My back muscles started to twitch. I tried to pray for help and found that my fear was so intense it dissolved my thoughts into a formless plea for strength. So I focused on controlling my breathing:
Stop gasping
,
take deliberate breaths.
And then one of the men yelled out, “Sleep!” They pushed us to the ground. “Sleep! Sleep! Sleep!”
Sleep? Just like that? You can keep your head for now. Just sleep.
I hated the instinctive gratitude that washed over me, but in that moment the word “sleep” was wonderful. It was a reprieve, and it came across as something close to mercy. It meant for the time being we had permission to exist, to keep breathing. The
knife blades and rifle bullets weren’t going to be coming for us on this night.
But of course, neither were they going away. So there was no real sleeping to be done that night, more of a fitful dozing that alternated consciousness with dreams. When daylight came and I was still alive to see it, I cheered up a bit in spite of the groggy and surreal hangover left by the lack of rest.
With the coming of a new day they marched us to a new spot. I began to wonder if I would be spitting in the eyes of fate by daring to think about getting out of there. Poul indicated he was trying to mentally record anything he could that might be useful against these guys if we survived. While it wasn’t a plan, it was a piece of one; I began gathering any information I could. There was no way to know what might be useful, so I just tried to observe everything and commit as much to memory as possible. Our main focus was on the kidnappers themselves, since the temporary locations they ducked us in and out of didn’t really make much difference. They kept us outdoors the whole time.

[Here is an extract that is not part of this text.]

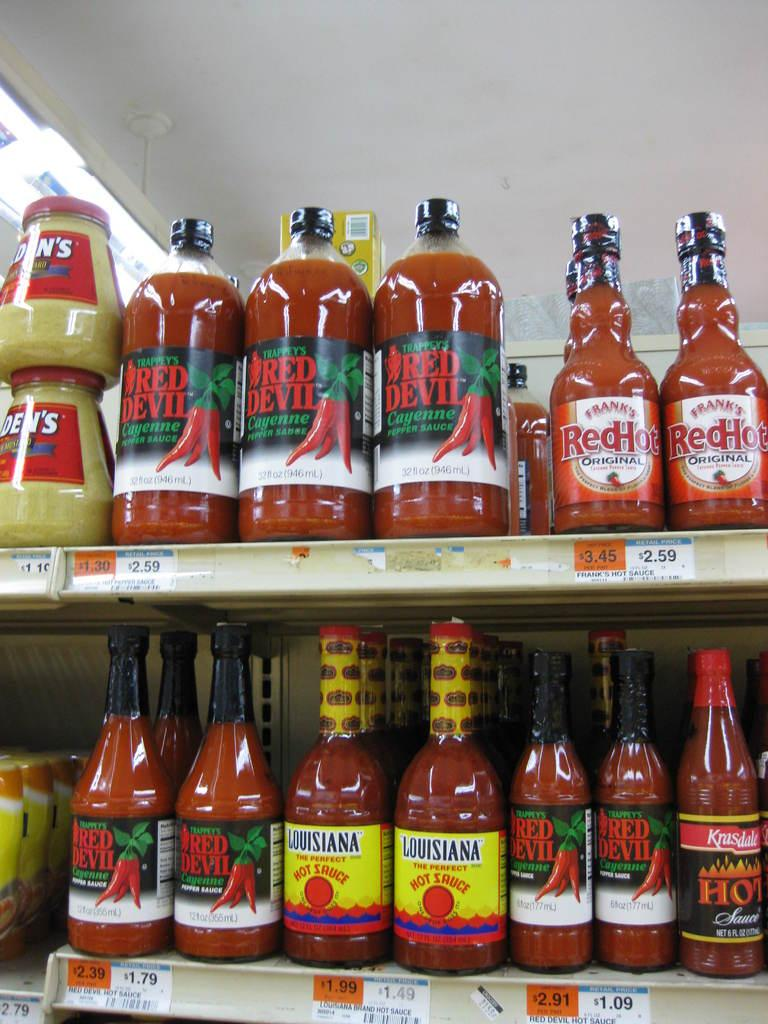<image>
Create a compact narrative representing the image presented. A shelf in a store with many brands of hot sauce like Franks Red Hot 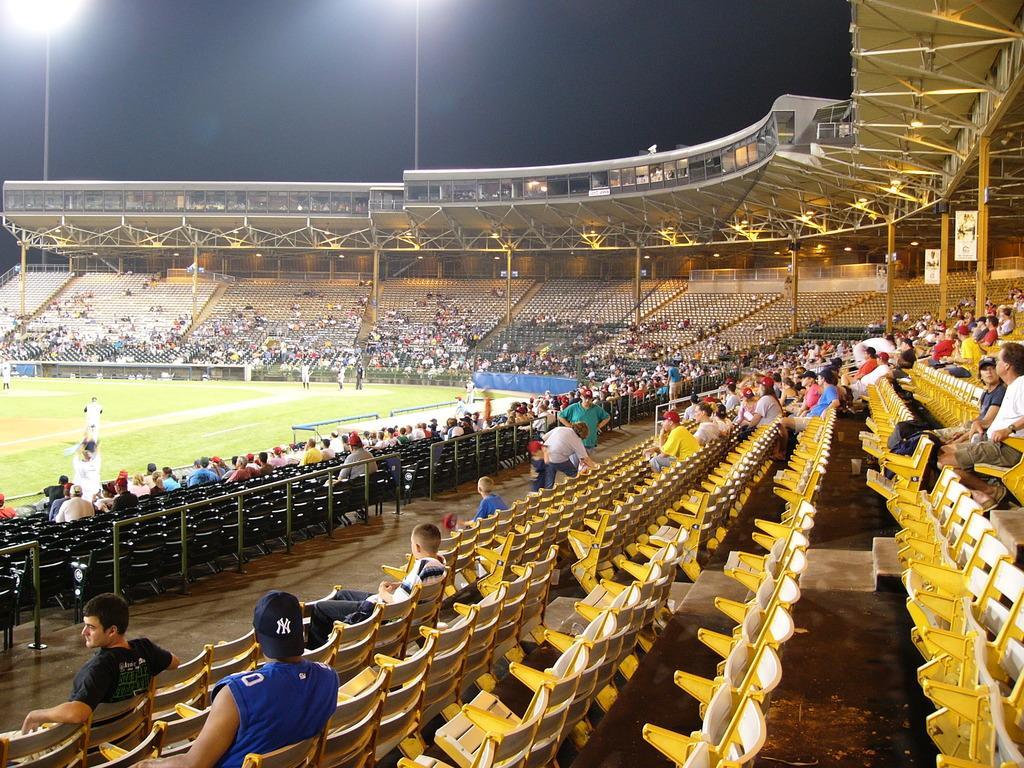Describe this image in one or two sentences. In this picture in the front there are empty chairs and in the center there are persons sitting and standing. In the background there are empty chairs and there are persons sitting and standing and in the stadium there are persons playing. On the top there are poles and there are lights and there is a shelter.

The region was sparsely populated. The only other people we saw were glimpses of wandering nomads, always passing. They seemed not to see us, detached from the doings of outsiders, as they have been for centuries.
I began to put forth a timid question or two in spite of the belligerence exuded by the men. The first problem was to determine who their “leader” was. Poul broached the topic, and together we tested the situation, using pidgin and pantomime to ask if we might be permitted to place a call to our NGO. We weren’t going to be allowed to make phone calls, but it was important to see who would make the decision. I tried to convey the idea that our people would surely be worried about us, but that was a difficult idea to mime.